» TASK TO CARRY OUT:
Wherever a picture appears in the listing below, leave it out and reproduce the rest exactly.

» SOURCE DATA:
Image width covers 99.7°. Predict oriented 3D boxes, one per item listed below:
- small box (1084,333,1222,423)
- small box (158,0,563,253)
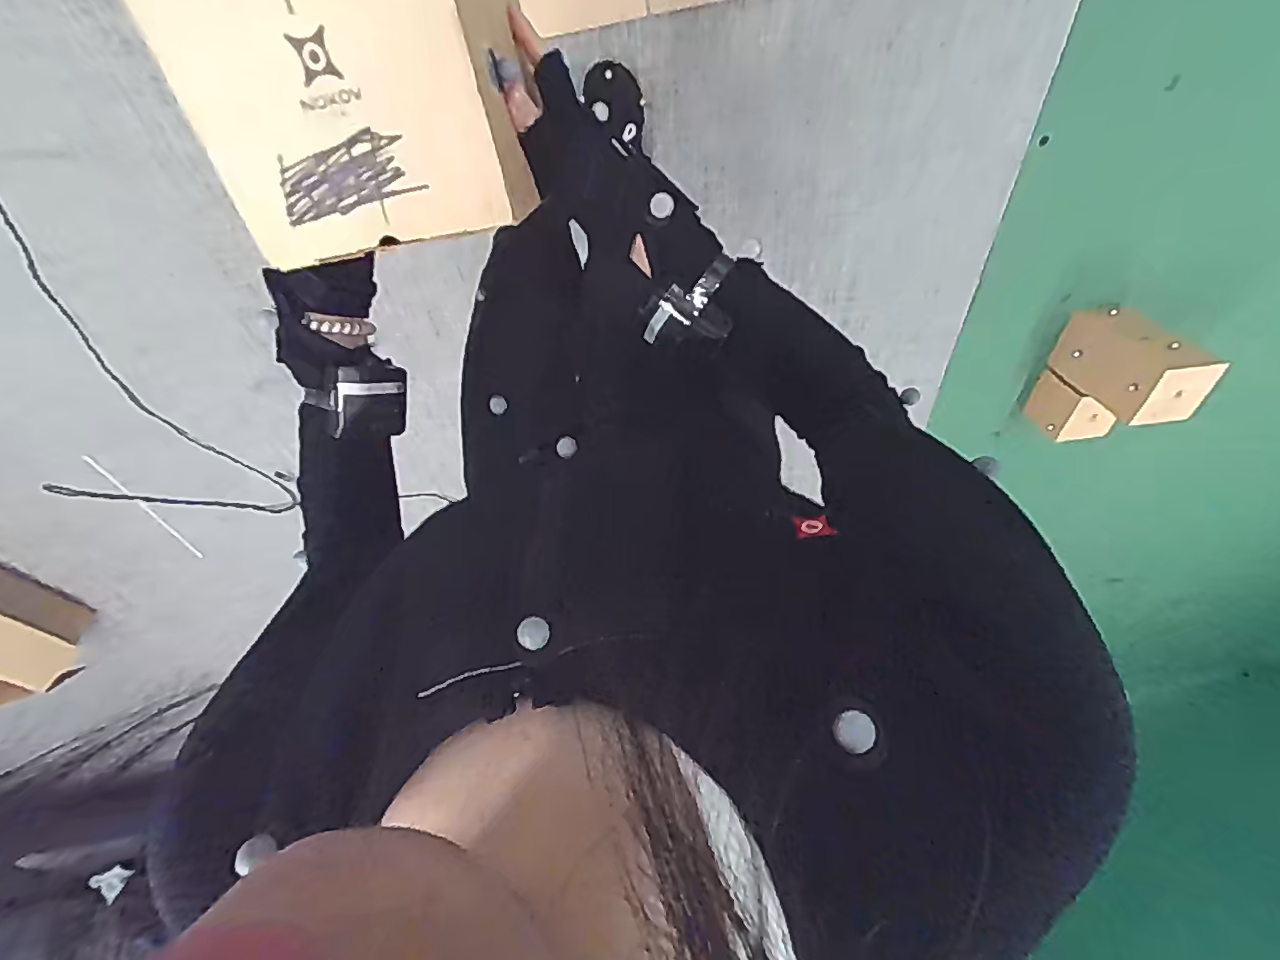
[{"bbox_3d":[1.345,-0.277,1.438,0.168,0.176,0.179,-7,135,-2],"label":"small box"},{"bbox_3d":[-0.158,-0.271,0.357,0.168,0.176,0.179,-6,124,8],"label":"small box"}]

» TASK SOLUTION:
Image width covers 99.7°. Predict oriented 3D boxes, one per item listed below:
- small box (1084,333,1222,423)
- small box (158,0,563,253)
[{"bbox_3d":[1.345,-0.277,1.438,0.168,0.176,0.179,-7,135,-2],"label":"small box"},{"bbox_3d":[-0.158,-0.271,0.357,0.168,0.176,0.179,-6,124,8],"label":"small box"}]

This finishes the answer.